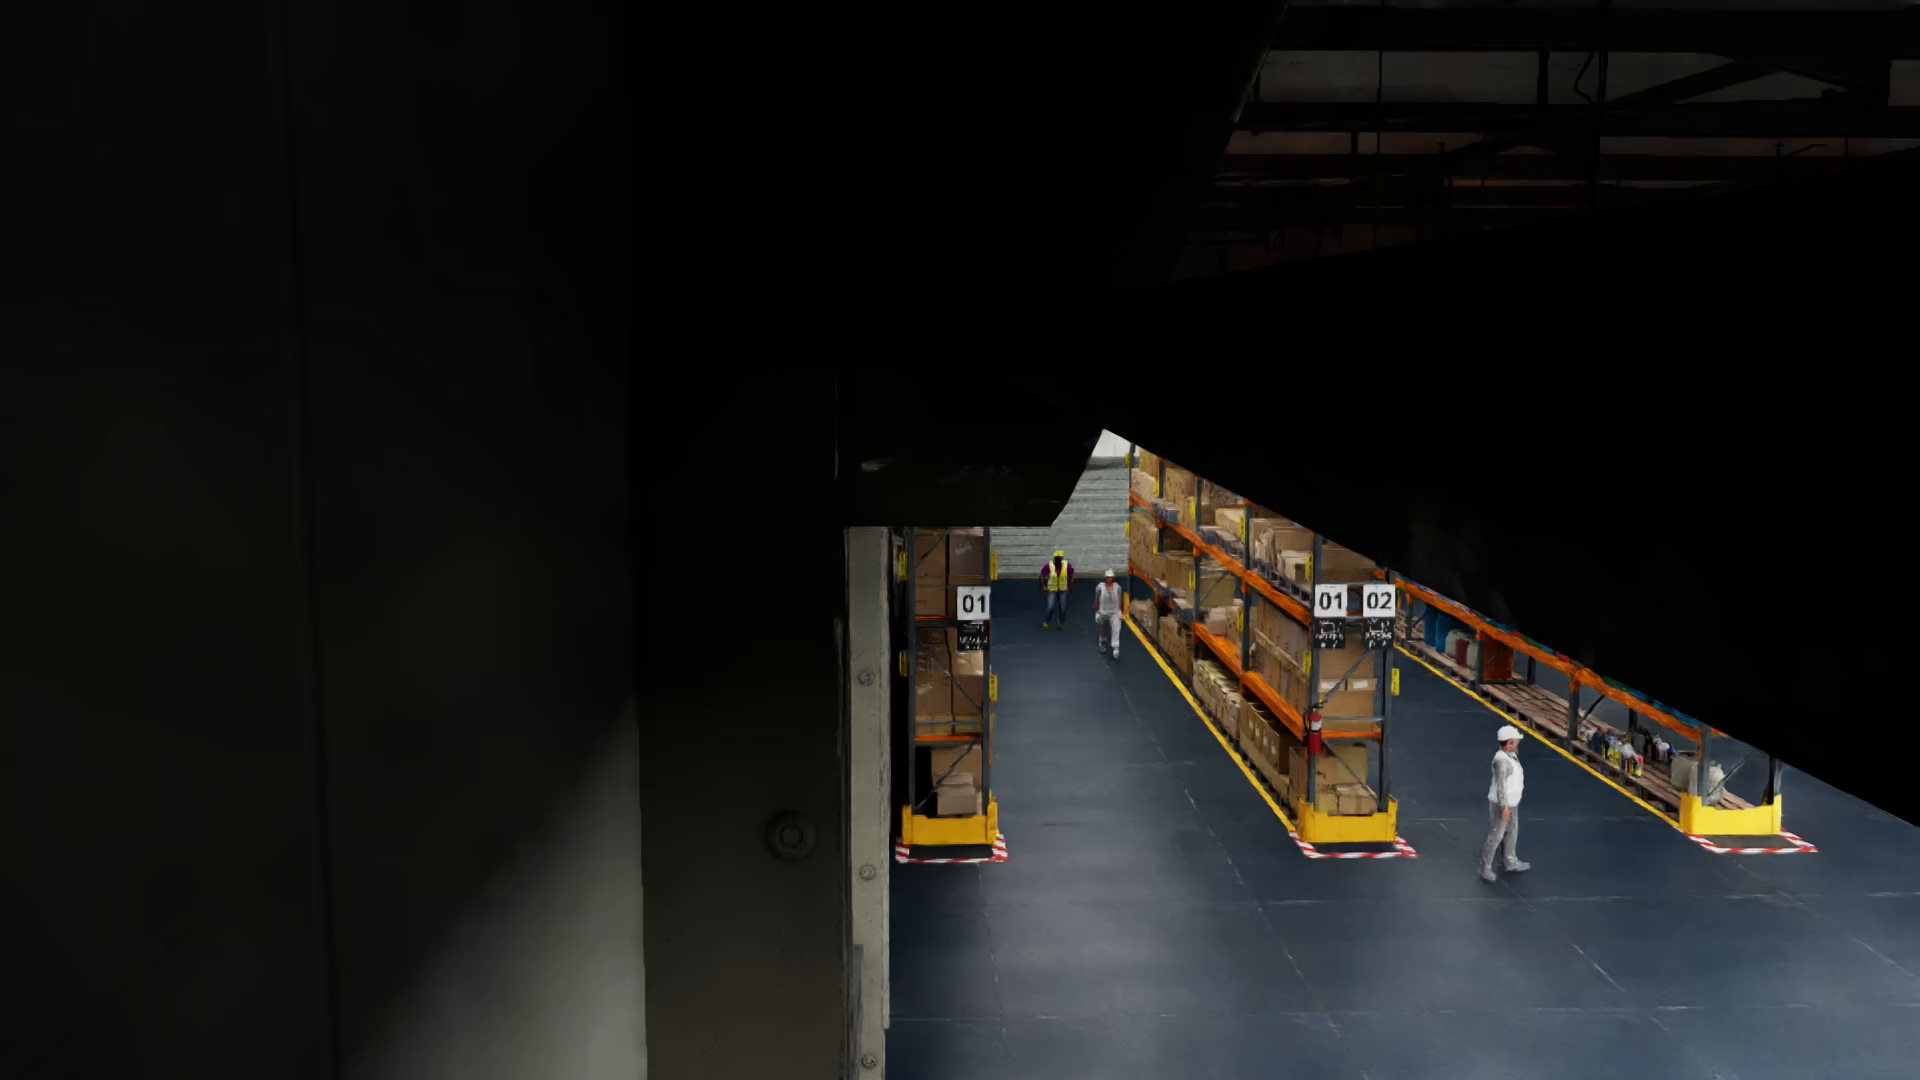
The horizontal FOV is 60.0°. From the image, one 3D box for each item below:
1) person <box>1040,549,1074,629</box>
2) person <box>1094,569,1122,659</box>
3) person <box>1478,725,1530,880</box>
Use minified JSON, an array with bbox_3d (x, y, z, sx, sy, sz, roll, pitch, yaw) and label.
^^^^^^^^^^^^^^^^
What needs to be done> Give the entries again exactly, but skip every image.

Exercise answer>
The horizontal FOV is 60.0°. From the image, one 3D box for each item below:
1) person <box>1040,549,1074,629</box>
2) person <box>1094,569,1122,659</box>
3) person <box>1478,725,1530,880</box>
Use minified JSON, an array with bbox_3d (x, y, z, sx, sy, sz, roll, pitch, yaw) and label.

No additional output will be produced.